Le patron de la Jeune-Amélie proposa comme lieu de débarquement l’île de Monte-Cristo, laquelle, étant complètement déserte et n’ayant ni soldats ni douaniers, semble avoir été placée au milieu de la mer du temps de l’Olympe païen par Mercure, ce dieu des commerçants et des voleurs, classes que nous avons faites séparées, sinon distinctes, et que l’antiquité, à ce qu’il paraît, rangeait dans la même catégorie.

À ce nom de Monte-Cristo, Dantès tressaillit de joie : il se leva pour cacher son émotion et fit un tour dans la taverne enfumée où tous les idiomes du monde connu venaient se fondre dans la langue franque.

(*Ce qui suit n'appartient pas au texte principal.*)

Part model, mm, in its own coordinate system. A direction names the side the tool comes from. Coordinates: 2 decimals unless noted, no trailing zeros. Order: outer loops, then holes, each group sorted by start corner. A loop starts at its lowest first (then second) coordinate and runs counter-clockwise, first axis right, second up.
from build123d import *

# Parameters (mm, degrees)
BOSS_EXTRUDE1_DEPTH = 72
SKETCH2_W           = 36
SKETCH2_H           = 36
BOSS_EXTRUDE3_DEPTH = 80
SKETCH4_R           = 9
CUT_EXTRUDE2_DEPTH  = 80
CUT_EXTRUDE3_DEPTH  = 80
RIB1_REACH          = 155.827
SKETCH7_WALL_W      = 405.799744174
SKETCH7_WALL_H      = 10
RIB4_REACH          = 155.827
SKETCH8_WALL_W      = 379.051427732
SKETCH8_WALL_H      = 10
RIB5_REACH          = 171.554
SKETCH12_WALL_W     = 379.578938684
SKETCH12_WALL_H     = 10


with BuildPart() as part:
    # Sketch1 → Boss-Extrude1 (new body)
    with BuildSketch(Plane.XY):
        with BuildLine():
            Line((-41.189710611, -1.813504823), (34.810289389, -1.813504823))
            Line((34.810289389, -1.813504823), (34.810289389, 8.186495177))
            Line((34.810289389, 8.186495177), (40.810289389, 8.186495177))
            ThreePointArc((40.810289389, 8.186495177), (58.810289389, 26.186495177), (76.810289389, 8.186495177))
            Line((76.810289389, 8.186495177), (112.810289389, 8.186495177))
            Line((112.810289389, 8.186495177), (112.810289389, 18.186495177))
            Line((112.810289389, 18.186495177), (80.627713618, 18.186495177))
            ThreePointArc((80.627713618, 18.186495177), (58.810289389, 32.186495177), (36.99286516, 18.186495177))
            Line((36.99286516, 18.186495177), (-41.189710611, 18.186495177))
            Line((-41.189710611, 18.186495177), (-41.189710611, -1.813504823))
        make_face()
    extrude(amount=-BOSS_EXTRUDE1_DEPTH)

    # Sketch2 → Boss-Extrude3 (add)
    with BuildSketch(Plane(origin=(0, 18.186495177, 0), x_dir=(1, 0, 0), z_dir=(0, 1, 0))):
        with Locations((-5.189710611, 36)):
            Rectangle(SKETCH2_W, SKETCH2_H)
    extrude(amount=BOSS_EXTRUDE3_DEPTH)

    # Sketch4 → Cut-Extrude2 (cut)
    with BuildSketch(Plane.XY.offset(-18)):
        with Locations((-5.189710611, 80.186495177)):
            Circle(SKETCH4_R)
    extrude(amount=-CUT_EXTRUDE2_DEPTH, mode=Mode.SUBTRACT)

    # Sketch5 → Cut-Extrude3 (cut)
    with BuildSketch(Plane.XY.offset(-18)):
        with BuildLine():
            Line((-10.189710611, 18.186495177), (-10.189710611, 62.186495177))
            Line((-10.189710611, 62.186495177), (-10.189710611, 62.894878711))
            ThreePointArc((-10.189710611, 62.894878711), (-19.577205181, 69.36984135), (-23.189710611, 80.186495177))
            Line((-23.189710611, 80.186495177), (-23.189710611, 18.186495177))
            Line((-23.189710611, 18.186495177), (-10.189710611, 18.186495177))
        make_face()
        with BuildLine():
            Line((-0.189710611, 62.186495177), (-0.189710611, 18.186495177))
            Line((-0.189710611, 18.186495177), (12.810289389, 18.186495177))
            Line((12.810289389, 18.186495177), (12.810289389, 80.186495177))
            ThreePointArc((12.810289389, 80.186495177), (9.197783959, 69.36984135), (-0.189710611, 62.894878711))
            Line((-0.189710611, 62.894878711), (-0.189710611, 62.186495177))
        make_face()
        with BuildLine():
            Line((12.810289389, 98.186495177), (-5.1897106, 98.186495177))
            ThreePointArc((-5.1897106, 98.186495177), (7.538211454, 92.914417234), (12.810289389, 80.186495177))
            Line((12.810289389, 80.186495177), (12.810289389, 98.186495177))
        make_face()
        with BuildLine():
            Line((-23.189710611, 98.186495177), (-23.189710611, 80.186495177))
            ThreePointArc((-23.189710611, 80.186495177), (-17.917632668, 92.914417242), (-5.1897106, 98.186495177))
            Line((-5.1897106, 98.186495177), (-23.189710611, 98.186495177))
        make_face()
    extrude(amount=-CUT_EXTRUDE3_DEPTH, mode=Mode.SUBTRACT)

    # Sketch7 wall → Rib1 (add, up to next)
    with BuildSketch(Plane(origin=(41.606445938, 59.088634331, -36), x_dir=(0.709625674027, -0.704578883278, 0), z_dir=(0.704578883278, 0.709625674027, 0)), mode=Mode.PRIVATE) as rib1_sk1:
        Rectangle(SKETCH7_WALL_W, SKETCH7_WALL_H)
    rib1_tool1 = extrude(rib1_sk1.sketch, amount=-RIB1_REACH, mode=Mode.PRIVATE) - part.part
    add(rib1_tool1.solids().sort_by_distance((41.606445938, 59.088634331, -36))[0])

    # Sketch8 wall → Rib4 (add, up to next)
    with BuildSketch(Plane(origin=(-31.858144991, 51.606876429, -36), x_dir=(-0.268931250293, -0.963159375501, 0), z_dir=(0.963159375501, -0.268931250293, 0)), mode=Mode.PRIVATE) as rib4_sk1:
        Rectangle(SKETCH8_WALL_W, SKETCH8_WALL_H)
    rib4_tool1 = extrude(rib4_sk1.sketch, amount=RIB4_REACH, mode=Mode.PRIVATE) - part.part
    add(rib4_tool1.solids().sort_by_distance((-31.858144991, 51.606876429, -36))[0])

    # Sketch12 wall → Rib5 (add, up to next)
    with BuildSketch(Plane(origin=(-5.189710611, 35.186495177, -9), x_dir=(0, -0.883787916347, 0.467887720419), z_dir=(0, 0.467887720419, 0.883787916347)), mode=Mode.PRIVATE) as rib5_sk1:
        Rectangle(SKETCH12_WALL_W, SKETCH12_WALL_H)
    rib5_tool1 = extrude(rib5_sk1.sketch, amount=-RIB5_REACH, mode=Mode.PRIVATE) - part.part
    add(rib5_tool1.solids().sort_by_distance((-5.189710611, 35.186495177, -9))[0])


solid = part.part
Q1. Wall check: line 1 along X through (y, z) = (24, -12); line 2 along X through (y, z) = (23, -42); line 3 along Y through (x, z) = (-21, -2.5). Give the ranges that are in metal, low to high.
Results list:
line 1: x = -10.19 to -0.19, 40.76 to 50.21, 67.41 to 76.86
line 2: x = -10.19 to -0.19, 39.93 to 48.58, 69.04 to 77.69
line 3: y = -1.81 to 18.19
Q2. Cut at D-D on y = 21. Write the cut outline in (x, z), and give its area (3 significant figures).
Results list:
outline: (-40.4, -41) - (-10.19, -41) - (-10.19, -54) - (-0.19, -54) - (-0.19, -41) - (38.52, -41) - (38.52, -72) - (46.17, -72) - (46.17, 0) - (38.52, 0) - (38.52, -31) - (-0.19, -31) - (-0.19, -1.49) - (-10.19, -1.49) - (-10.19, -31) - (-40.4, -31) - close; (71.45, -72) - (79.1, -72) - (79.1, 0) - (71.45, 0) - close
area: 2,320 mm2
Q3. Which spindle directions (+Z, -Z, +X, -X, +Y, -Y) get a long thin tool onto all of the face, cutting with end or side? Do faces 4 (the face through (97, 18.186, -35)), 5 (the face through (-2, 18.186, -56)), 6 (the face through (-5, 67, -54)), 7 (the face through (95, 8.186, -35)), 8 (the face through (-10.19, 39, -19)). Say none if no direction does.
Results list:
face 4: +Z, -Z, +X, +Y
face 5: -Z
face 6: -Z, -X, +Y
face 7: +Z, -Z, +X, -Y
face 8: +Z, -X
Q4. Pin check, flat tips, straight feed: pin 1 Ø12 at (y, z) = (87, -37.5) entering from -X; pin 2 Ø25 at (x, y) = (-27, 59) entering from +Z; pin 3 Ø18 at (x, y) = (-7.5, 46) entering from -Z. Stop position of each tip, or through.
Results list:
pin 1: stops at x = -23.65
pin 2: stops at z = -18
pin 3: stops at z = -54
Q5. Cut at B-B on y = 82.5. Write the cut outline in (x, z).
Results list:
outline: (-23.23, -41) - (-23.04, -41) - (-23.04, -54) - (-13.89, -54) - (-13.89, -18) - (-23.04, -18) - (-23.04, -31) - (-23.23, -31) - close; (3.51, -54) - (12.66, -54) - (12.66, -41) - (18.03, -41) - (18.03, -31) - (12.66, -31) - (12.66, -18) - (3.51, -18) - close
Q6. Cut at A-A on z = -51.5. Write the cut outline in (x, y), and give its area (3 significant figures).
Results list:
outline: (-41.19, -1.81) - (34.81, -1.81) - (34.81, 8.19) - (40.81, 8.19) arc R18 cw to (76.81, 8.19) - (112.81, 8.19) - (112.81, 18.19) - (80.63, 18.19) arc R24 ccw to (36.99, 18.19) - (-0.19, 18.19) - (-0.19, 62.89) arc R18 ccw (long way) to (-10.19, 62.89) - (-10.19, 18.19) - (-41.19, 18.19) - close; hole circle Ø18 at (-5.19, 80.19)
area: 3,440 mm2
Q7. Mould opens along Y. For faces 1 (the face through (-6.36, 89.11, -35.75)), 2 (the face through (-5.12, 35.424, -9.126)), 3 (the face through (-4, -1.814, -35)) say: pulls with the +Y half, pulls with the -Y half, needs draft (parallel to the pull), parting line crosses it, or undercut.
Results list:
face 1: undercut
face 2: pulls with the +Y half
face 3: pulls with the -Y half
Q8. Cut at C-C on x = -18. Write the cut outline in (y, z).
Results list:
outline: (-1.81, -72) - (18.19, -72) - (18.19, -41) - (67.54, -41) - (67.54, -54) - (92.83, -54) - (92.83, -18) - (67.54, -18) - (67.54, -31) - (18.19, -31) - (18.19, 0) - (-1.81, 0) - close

Lorsqu’il se rapprocha des deux interlocuteurs, il était décidé que l’on relâcherait à Monte-Cristo et que l’on partirait pour cette expédition dès la nuit suivante.

Edmond, consulté, fut d’avis que l’île offrait toutes les sécurités possibles, et que les grandes entreprises pour réussir avaient besoin d’être menées vite.

Rien ne fut donc changé au programme arrêté. Il fut convenu que l’on appareillerait le lendemain soir, et que l’on tâcherait, la mer étant belle et le vent favorable, de se trouver le surlendemain soir dans les eaux de l’île neutre.